Monday, September 5, 2016

Review: Been Here All Along by Sandy Hall

Gideon always has a plan. His plans include running for class president, becoming head of the yearbook committee, and having his choice of colleges. They do NOT include falling head over heels for his best friend and next door neighbor, Kyle. It’s a distraction. It’s pointless, as Kyle is already dating the gorgeous and popular head cheerleader, Ruby. And Gideon doesn’t know what to do.

Kyle finally feels like he has a handle on life. He has a wonderful girlfriend, a best friend willing to debate the finer points of Lord of the Rings, and social acceptance as captain of the basketball team. Then, both Ruby and Gideon start acting really weird, just as his spot on the team is threatened, and Kyle can’t quite figure out what he did wrong…

Rating: 3 Stars

I received a free copy of this book from NetGalley in exchange for an honest review.

Been Here All Along has the classic feel of a Sandy Hall book, what with the writing style continuing to be lighthearted and the author's use of multiple points of view. It is a quick read not only because the length of the novel barely surpasses 200 pages, but because the subject material and the manner in which it is written do not bog the reader down with heavy emotions.

The story was nice enough. It featured two best friends since childhood, Kyle and Gideon, who have the kind of friendship that forms the basis for something lasting, whether it be a lifelong friendship or something more, as the romantic threads of the story lead you to believe.

The use of multiple points of view in this particular work of Hall's was well executed. It was not heavy handed as in A Little Something Different, which famously had fourteen different p.o.v.s., and it had a few more than Signs Point to Yes. As a reader you're able to find out more information through this tool and that worked well here, though the voices of Kyle and Gideon did feel interchangeable at times. Whether this is down to the writing style or whether it was intentional because they grew up together and would obviously have similar mannerisms I do not know. In any case, those points were where the story fell a bit flat in the telling.

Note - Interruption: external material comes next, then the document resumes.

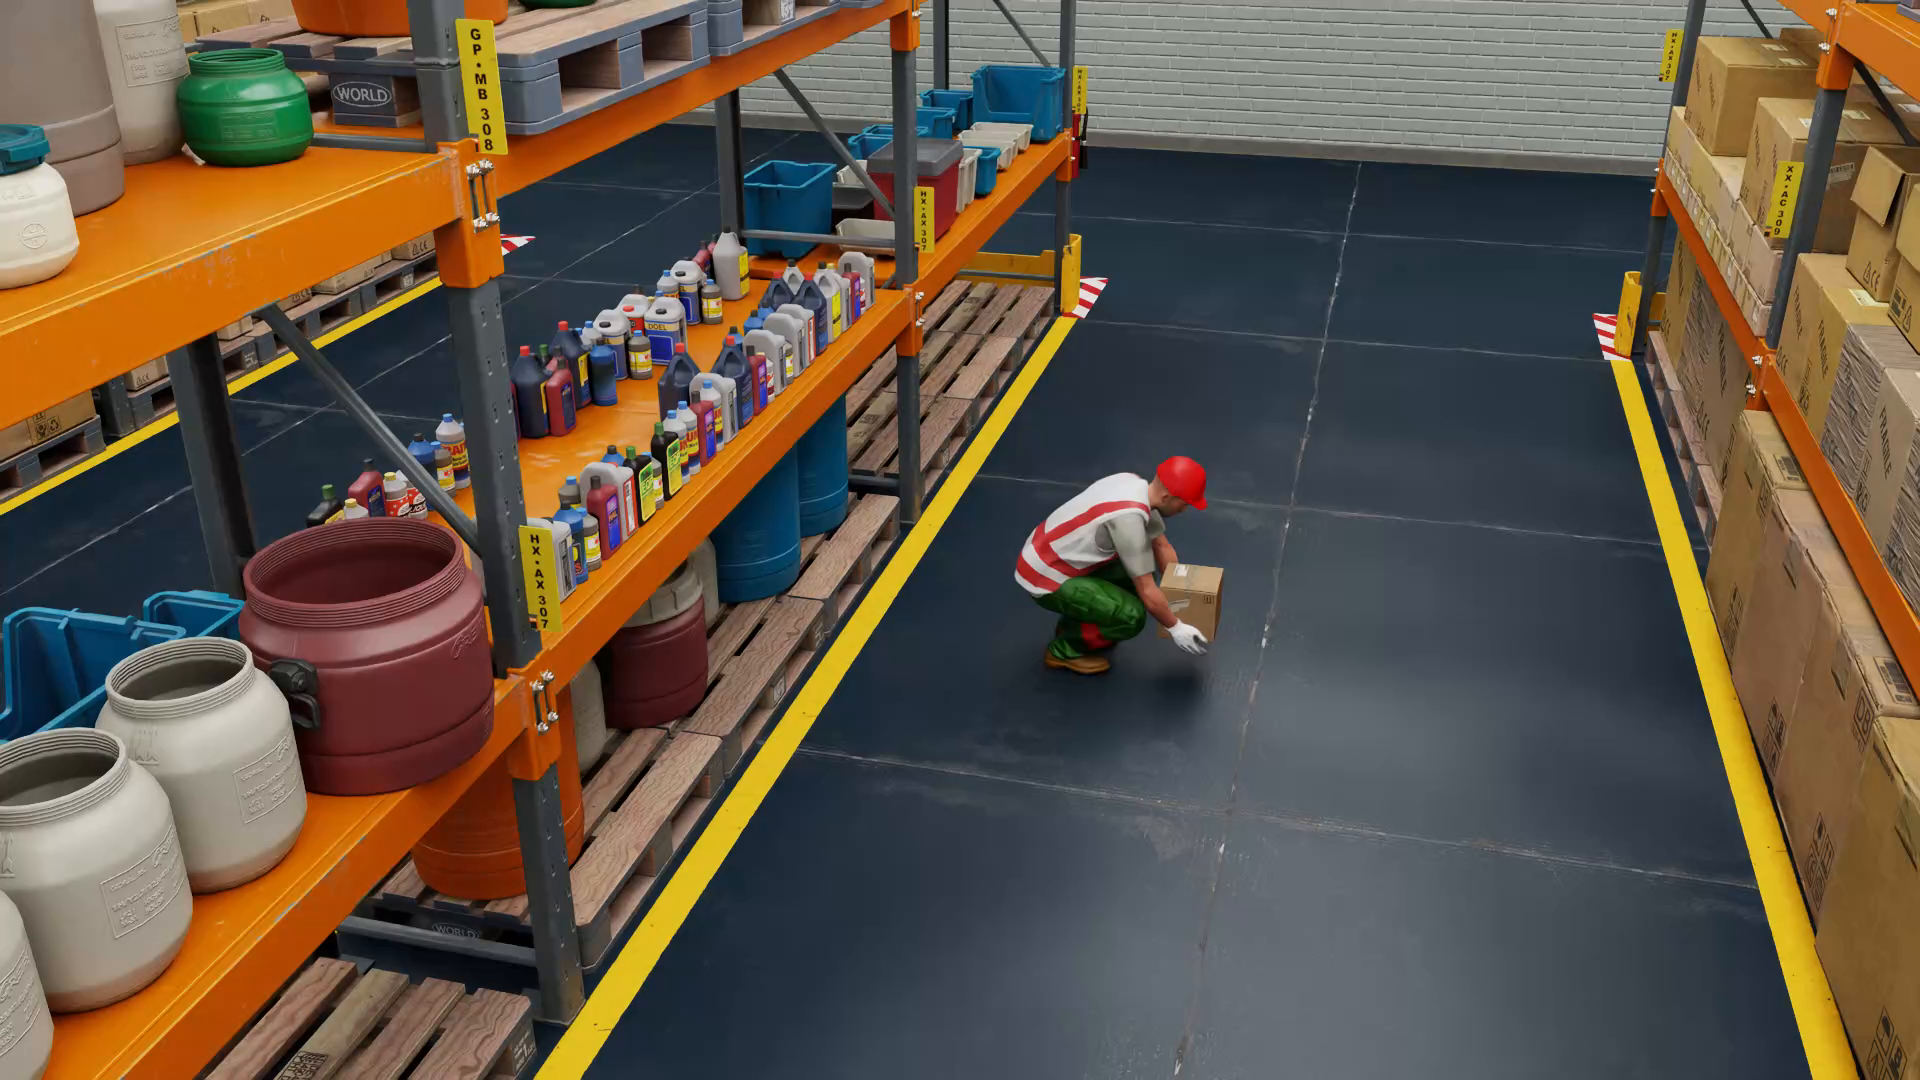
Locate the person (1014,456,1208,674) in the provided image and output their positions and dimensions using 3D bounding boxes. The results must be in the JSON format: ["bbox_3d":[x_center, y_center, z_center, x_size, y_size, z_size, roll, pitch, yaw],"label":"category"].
[{"bbox_3d":[0.693,0.083,7.352,0.880,0.991,0.565,6,26,13],"label":"person"}]

To sump up, I'd definitely recommend picking this up. It's perfect for a quick, light read. I would've said it was a very good summer read, but as we're on the cusp of autumn, let me rephrase: it's a very good book to read on a Sunday when you want to remember the good times of the summer, the fun that you had with friends, rather than going back to school that may or may not be all that fun (which, hey, it might be for you, who knows?).